◆ WHAT YOU HAVE TO DO:
Return the lines of the data below exactly. Start at the first and end with the line containing "Add 2 cyan metallic".

◆ AVAILABLE DATA:

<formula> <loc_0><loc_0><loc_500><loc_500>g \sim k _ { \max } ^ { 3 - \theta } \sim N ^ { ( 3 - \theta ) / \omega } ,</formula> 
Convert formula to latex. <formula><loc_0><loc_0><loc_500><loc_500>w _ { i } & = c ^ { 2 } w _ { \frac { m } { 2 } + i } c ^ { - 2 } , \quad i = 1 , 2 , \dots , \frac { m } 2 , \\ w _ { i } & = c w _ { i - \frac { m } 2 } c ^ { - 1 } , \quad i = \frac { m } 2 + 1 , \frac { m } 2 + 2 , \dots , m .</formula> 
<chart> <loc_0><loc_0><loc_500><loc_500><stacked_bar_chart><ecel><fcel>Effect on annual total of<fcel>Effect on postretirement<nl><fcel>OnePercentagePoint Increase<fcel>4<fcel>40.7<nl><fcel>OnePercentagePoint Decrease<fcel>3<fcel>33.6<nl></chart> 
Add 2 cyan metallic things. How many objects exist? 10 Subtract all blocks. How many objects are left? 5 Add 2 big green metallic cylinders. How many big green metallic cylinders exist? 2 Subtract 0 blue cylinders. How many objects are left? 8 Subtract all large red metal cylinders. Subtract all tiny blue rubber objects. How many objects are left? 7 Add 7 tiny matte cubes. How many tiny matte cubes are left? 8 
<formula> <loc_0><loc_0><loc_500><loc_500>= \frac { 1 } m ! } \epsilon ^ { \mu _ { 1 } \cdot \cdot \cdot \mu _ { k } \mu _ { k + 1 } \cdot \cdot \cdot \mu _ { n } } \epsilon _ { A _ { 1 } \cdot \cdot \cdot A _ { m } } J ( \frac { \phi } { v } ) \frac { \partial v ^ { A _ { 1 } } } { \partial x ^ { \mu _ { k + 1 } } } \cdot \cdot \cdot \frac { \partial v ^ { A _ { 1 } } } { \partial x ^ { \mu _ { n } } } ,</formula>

◆ TASK RESPONSE:
<formula> <loc_0><loc_0><loc_500><loc_500>g \sim k _ { \max } ^ { 3 - \theta } \sim N ^ { ( 3 - \theta ) / \omega } ,</formula> 
Convert formula to latex. <formula><loc_0><loc_0><loc_500><loc_500>w _ { i } & = c ^ { 2 } w _ { \frac { m } { 2 } + i } c ^ { - 2 } , \quad i = 1 , 2 , \dots , \frac { m } 2 , \\ w _ { i } & = c w _ { i - \frac { m } 2 } c ^ { - 1 } , \quad i = \frac { m } 2 + 1 , \frac { m } 2 + 2 , \dots , m .</formula> 
<chart> <loc_0><loc_0><loc_500><loc_500><stacked_bar_chart><ecel><fcel>Effect on annual total of<fcel>Effect on postretirement<nl><fcel>OnePercentagePoint Increase<fcel>4<fcel>40.7<nl><fcel>OnePercentagePoint Decrease<fcel>3<fcel>33.6<nl></chart> 
Add 2 cyan metallic things. How many objects exist? 10 Subtract all blocks. How many objects are left? 5 Add 2 big green metallic cylinders. How many big green metallic cylinders exist? 2 Subtract 0 blue cylinders. How many objects are left? 8 Subtract all large red metal cylinders. Subtract all tiny blue rubber objects. How many objects are left? 7 Add 7 tiny matte cubes. How many tiny matte cubes are left? 8 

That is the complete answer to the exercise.